→ What to do:
Everything in the listing except the pictures should be written out exactly.
Material provided START
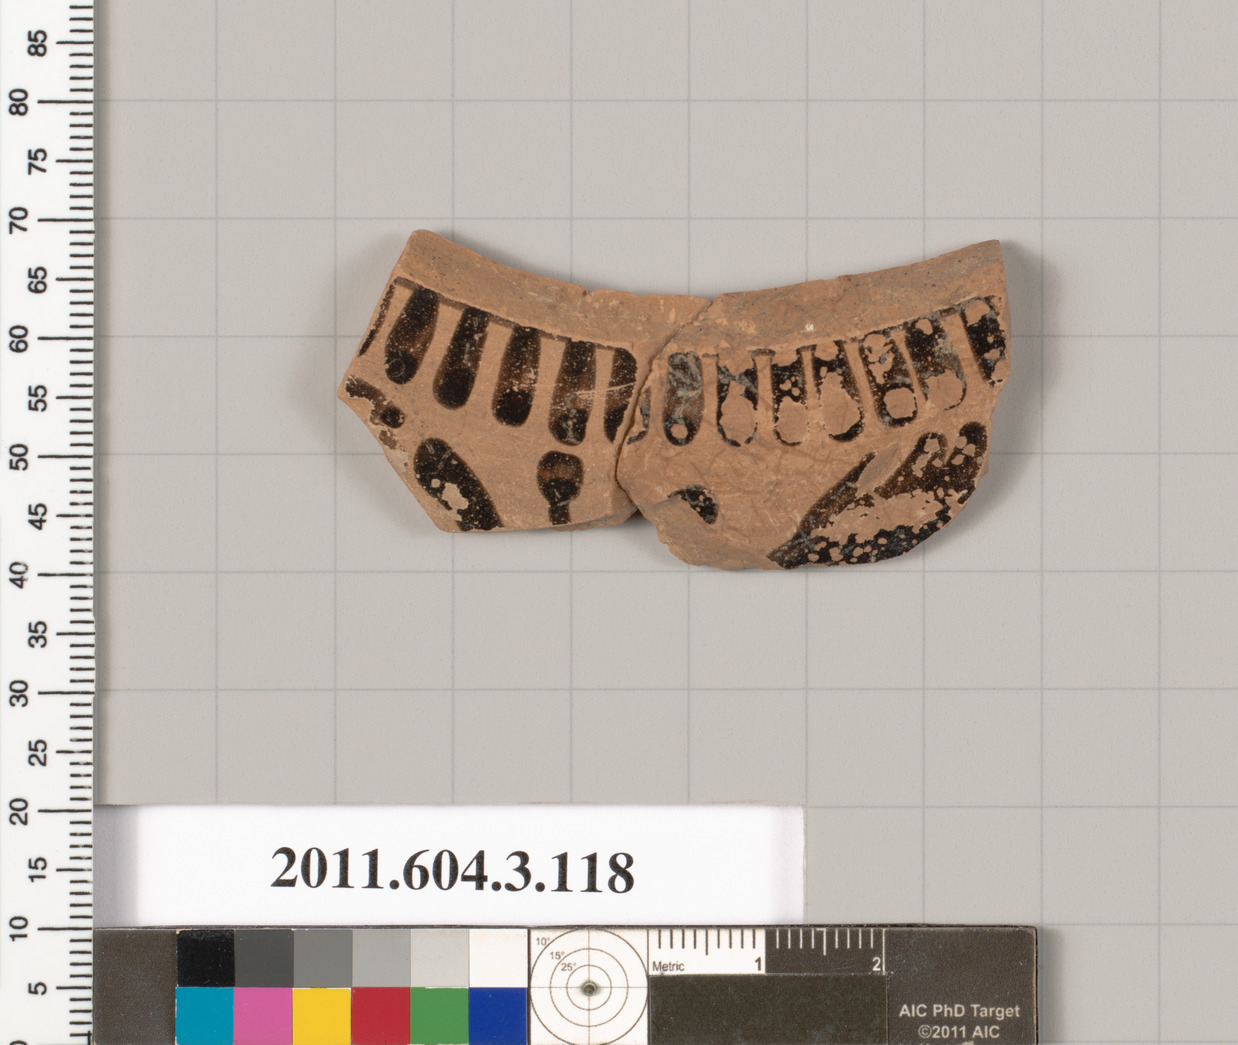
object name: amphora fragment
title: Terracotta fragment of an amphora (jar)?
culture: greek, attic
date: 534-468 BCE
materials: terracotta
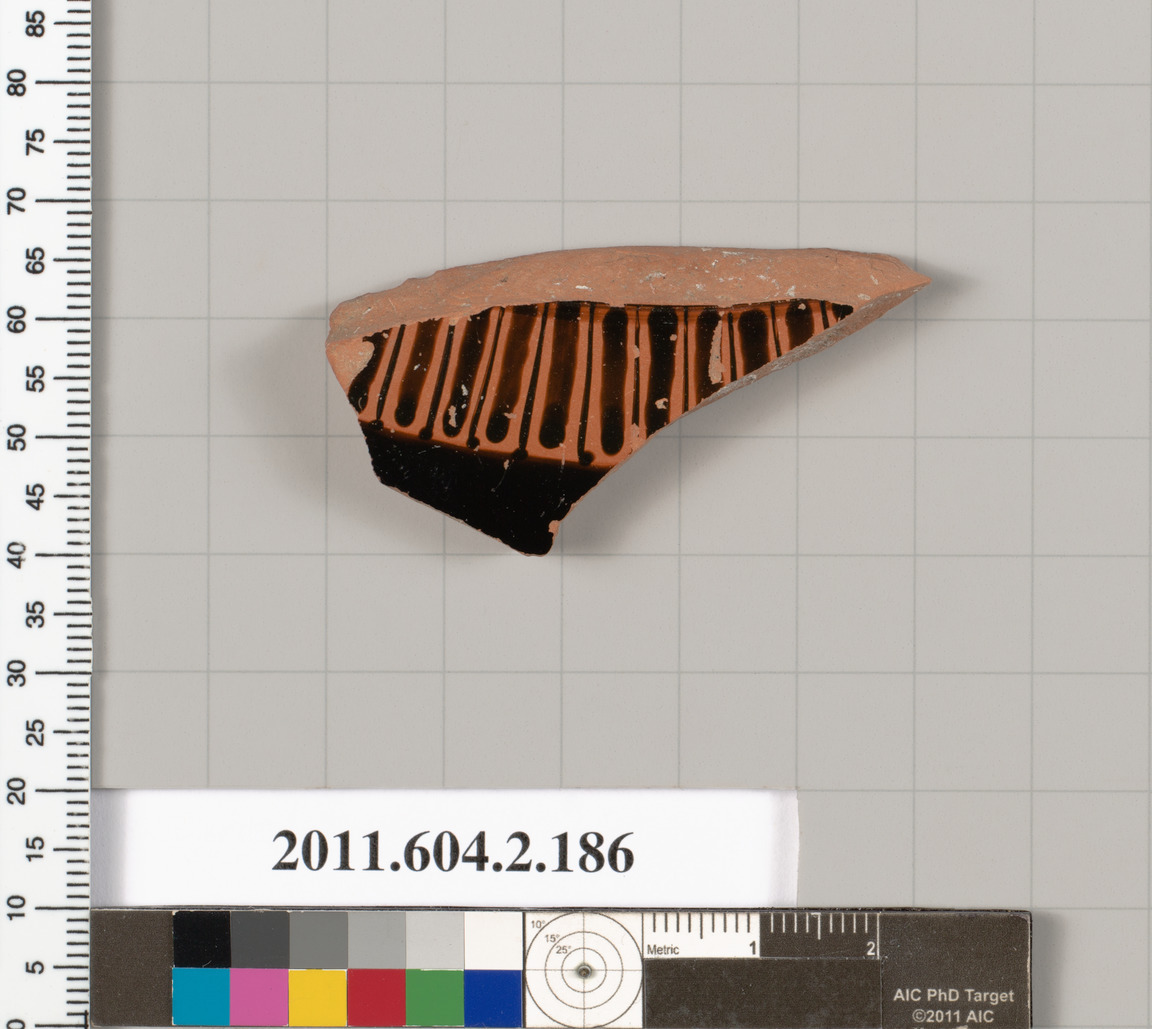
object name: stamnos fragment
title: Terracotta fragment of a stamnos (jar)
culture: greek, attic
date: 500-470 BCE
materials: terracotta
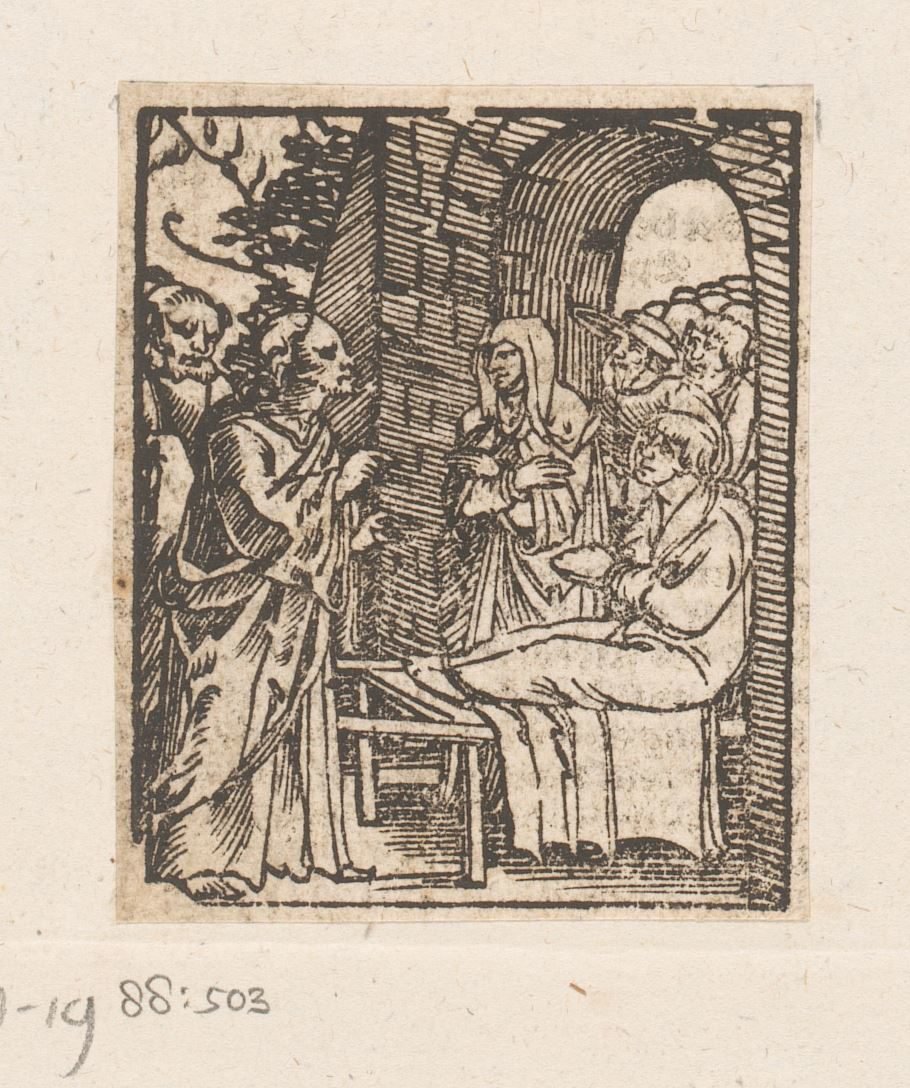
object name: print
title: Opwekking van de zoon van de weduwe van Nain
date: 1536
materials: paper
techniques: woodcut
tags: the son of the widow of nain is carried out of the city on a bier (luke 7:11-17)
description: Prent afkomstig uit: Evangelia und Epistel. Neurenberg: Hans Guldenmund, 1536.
Material provided END
→ Answer section:
object name: amphora fragment
title: Terracotta fragment of an amphora (jar)?
culture: greek, attic
date: 534-468 BCE
materials: terracotta
object name: stamnos fragment
title: Terracotta fragment of a stamnos (jar)
culture: greek, attic
date: 500-470 BCE
materials: terracotta
object name: print
title: Opwekking van de zoon van de weduwe van Nain
date: 1536
materials: paper
techniques: woodcut
tags: the son of the widow of nain is carried out of the city on a bier (luke 7:11-17)
description: Prent afkomstig uit: Evangelia und Epistel. Neurenberg: Hans Guldenmund, 1536.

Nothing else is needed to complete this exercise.